Public Health Emergency
The Public Health Emergency (PHE) was extended through April 16th.
CMS published a letter on March 3rd extending the timeframe to wind down Medicaid renewals from 12 months to 14 months, but they did not extend the 60-day notice. According to this letter, the PHE will not begin winding down any earlier than July 2022.
Healthcare.gov Special Enrollment Period
CMS is extending the enrollment period through the rest of the year for those at or below 150% of the federal poverty level.
This is required for states who are a Federally Facilitated Marketplace through Healthcare.gov which includes: AL, AK, AZ, FL, GA, HI, IN, KS, LA, MI, MO, MA, MS, NC, OK, SC, TN, TX, UT, VA, WV, WI, WY, DE, IL, IA, NE, ND, OH and SD.
The extension is optional for states who are a State Based Marketplace which includes: AR, CA, CO, CT, ID, KY, NV, NM, OR, WA, DC, ME, MD, MA, MI, MN, NJ, NY, PA, RI and VT.
This does not include those eligible for Medicaid, Medicare Part A or most employer-sponsored health insurance plans.
Medicaid State of the Union
Governor Mike Dunleavy prepared an executive order that will separate the current health department into two divisions. The Department of Health division will manage public health, behavioral health, healthcare services and senior and disability services. The Department of Family and Community service will include juvenile justice, children services and several other sub-departments.
In February, Alaska’s legislature legal team reviewed the executive order and identified several issues, and they held an in-depth hearing later that month. No outcome of that hearing has been published yet.

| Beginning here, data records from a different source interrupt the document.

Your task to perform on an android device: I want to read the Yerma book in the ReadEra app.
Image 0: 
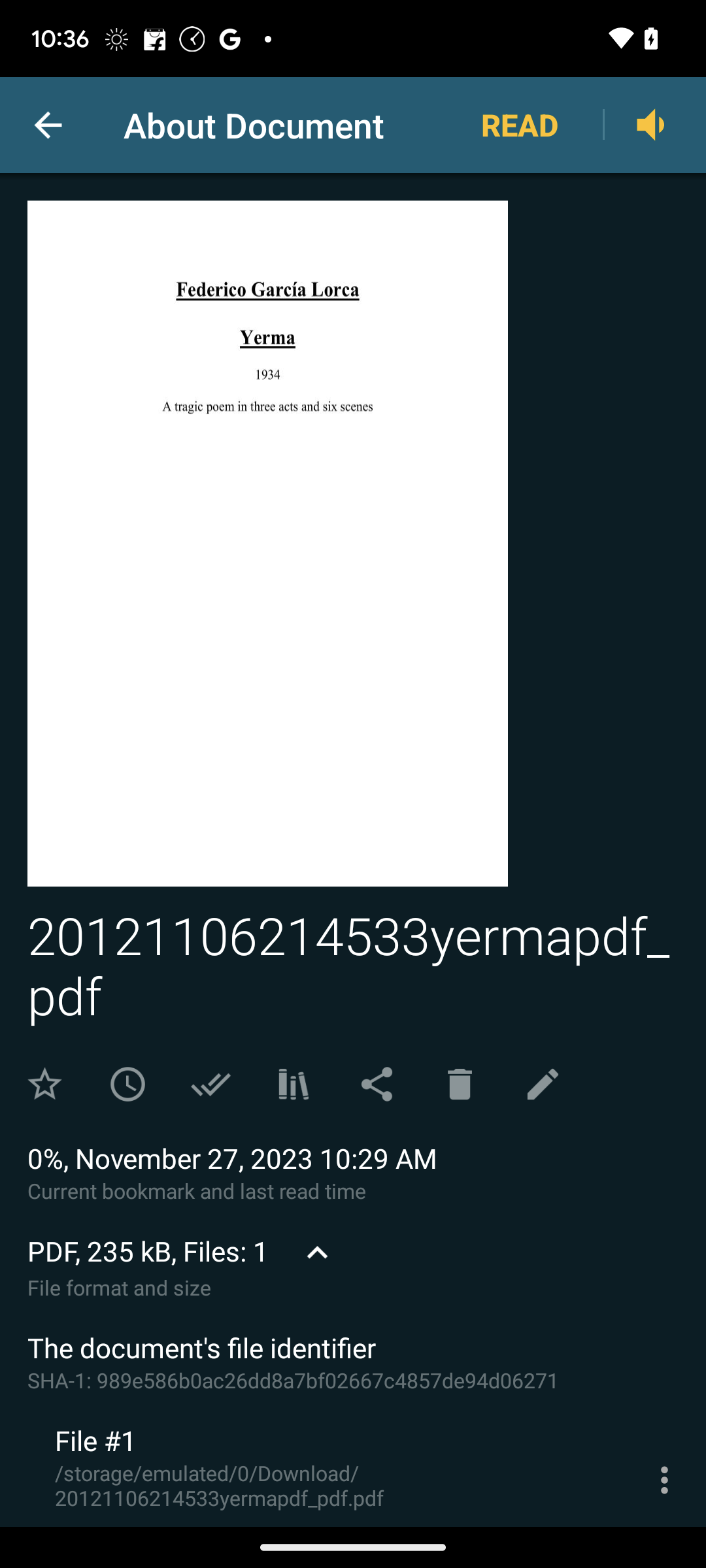
Click on the READ button.
Step 0: click (520, 125)
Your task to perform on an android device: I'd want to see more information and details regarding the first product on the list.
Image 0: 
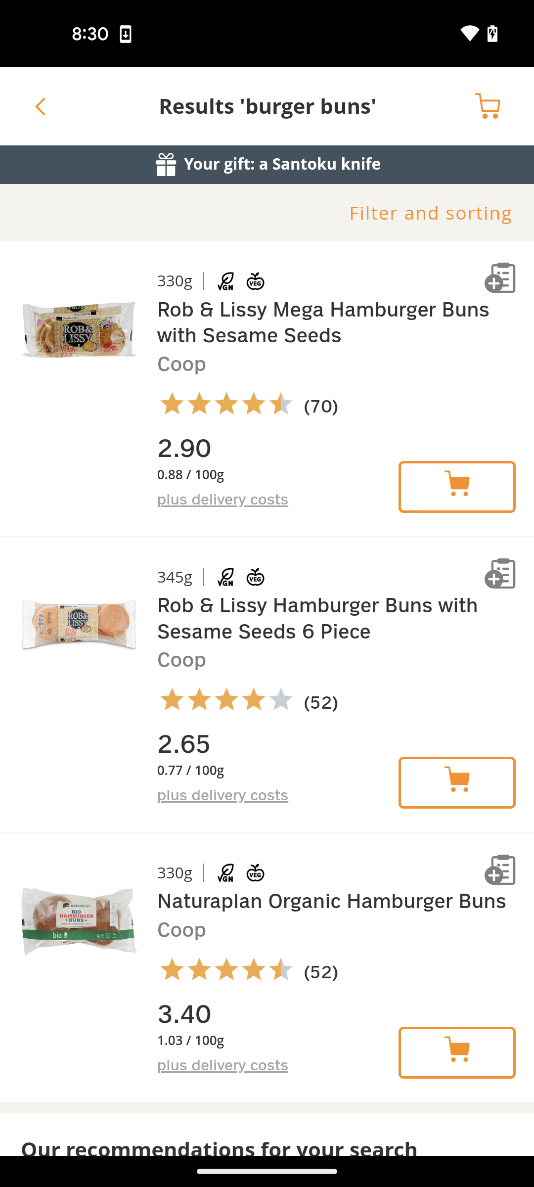
click on the first product
Step 0: click (268, 612)
Image 1: 
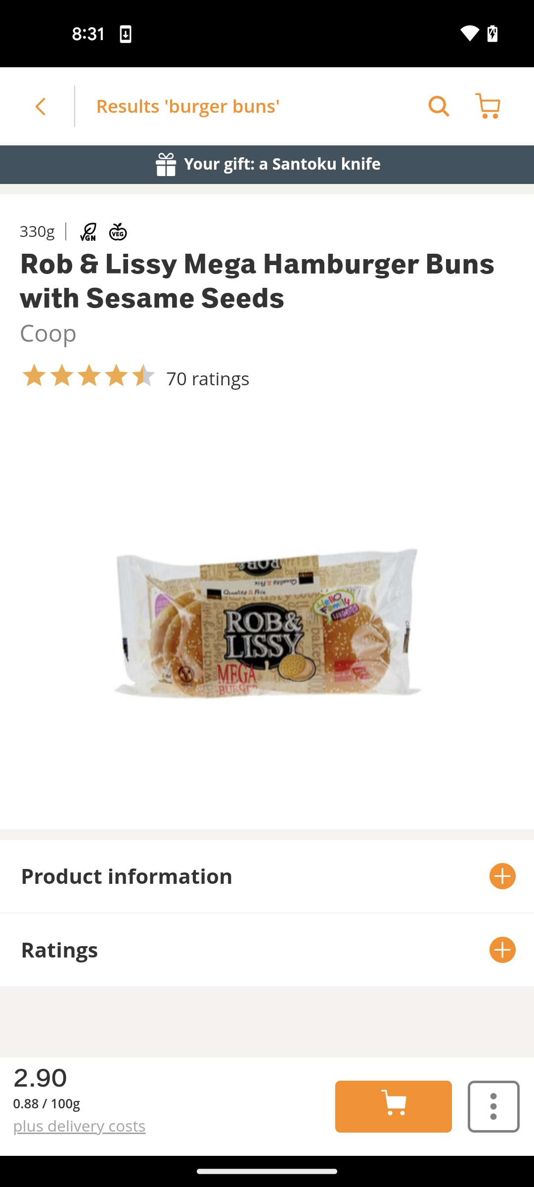
scroll down
Step 1: scroll down
Image 2: 
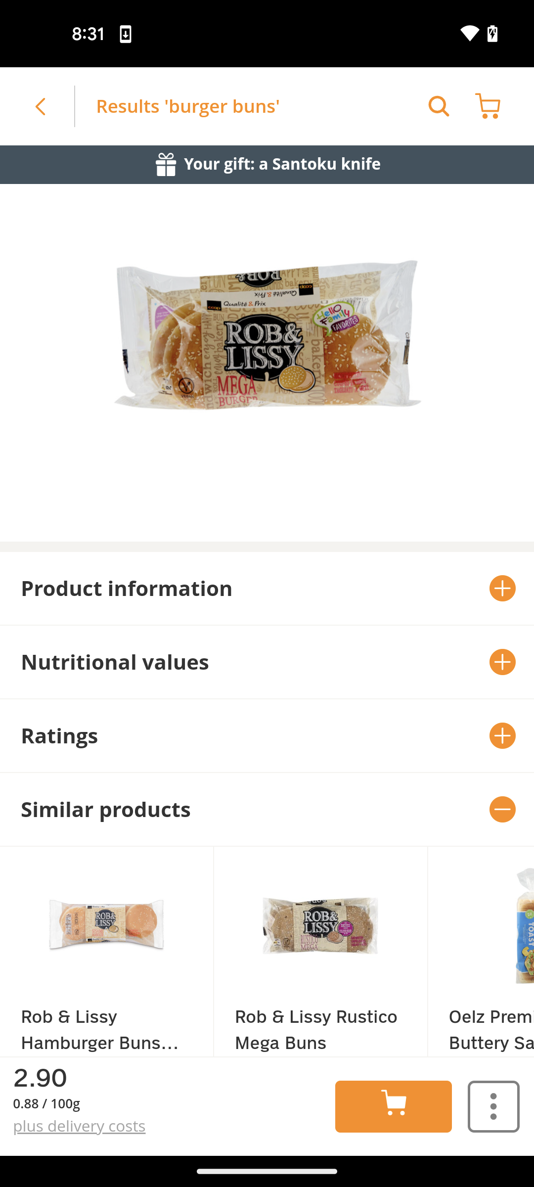
click on product information option
Step 2: click (256, 588)
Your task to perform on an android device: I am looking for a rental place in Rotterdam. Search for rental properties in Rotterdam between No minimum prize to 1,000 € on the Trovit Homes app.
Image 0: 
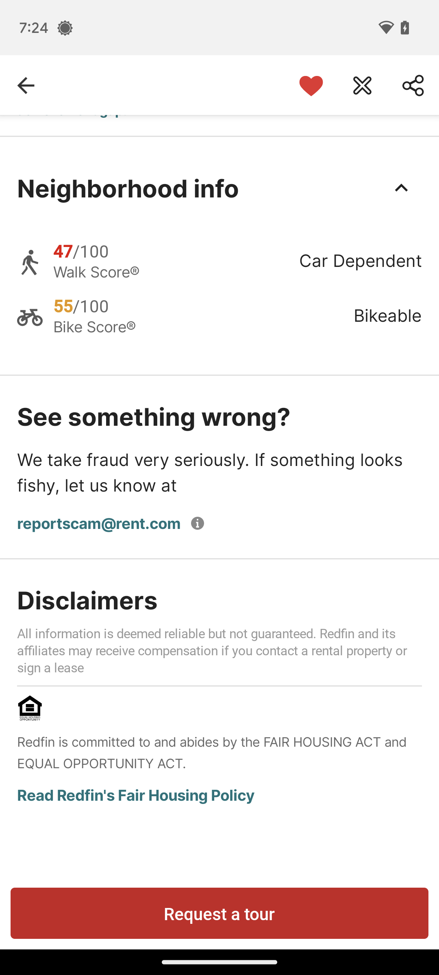
Open the Trovit Homes app.
Step 0: open app "Trovit Homes"
Image 1: 
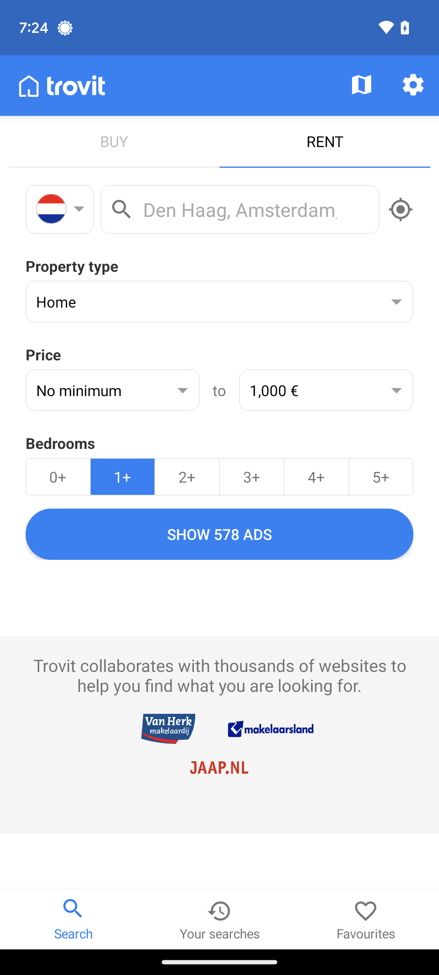
Click on the search bar.
Step 1: click (239, 209)
Image 2: 
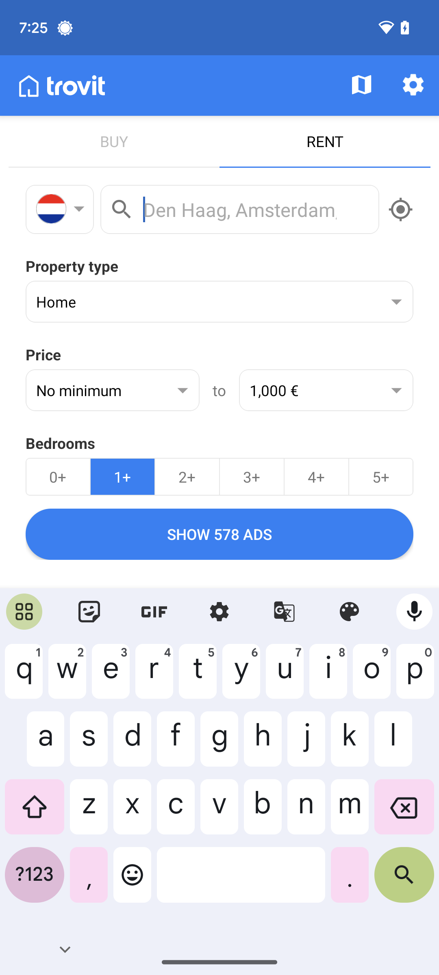
Type in Rotterdam.
Step 2: type "Rotterdam"

The Indiana Department of Administration announced they would be awarding managed Medicaid contracts to Anthem/Blue Cross Blue Shield, Care Source Indiana, MDWISE and Centene/Managed Health Services. These managed care organizations will provide the Hoosier Healthwise and Healthy Indiana Plan programs, which cover adults, pregnant women and children for the Indiana Family and Social Services Administration.
Additionally, on March 3rd Governor Holcomb signed an executive order to end the Public Health Emergency. However, since Medicaid is managed by CMS, this change will not include the Medicaid flexibilities and redeterminations.
On April 4th the Kansas Medical Assistance Program (KMAP) will be moving to a new processing and payment system called Kansas Modular Medicaid System (KMMS). This system will replace many key functions impacting Kansas Medicaid providers.
Additionally, Blue Cross Blue Shield of Kansas City and Blue Cross Blue Shield of Kansas are partnering to submit a proposal on the new KenCare contract. The goal is for the new alliance to be called Healthy Blue and serve the managed Medicaid population within the state.
Although CMS opposes work requirements to be eligible for Medicaid, the state has developed a bill that would put Medicaid work requirements on the ballot for voters to decide in the November election. If approved, it would still need final approval by CMS via the 1115 waiver.
Effective April 1st, North Carolina Medicaid coverage for postpartum mothers will extend from 2 months to 12 months after birth.
Additionally, the state has flipped from a fee-for-service model to managed Medicaid, and this change is the foundation for the Health Opportunities Pilots Program. This program is an innovative approach that integrates a standardized screening process, referral and feedback system, care management and enhanced programming within Medicaid, and it builds on existing infrastructure in coordinated care and social services.
When fully implemented, this program will provide whole care and coverage for at risk recipients which includes services spanning from food, housing, transportation and medical needs. The approach is designed to create lasting change on all social determinants of health through the Medicaid program. Read more here.
Although the state has attempted or discussed Medicaid expansion multiple times, it does appear to have a larger backing than in the past. With bi-partisan support and many organizations promoting the change, it is a possibility the state could move forward with expanding their Medicaid program.
Governor Lee is proposing $25.5 million for dental benefits for over 600,000 qualifying residents, and his proposal also includes a commitment to retain dental providers. This investment in dental health is in response to a disproportionate amount of funds that have been used to treat dental health issues at hospitals. In 2019, Tennessee spent $10 million on patients showing up to the hospital because of tooth pain or another oral health crisis.
The rest of the medical-related budget proposed will be used to attract more medical residents to the state and for substance abuse treatment.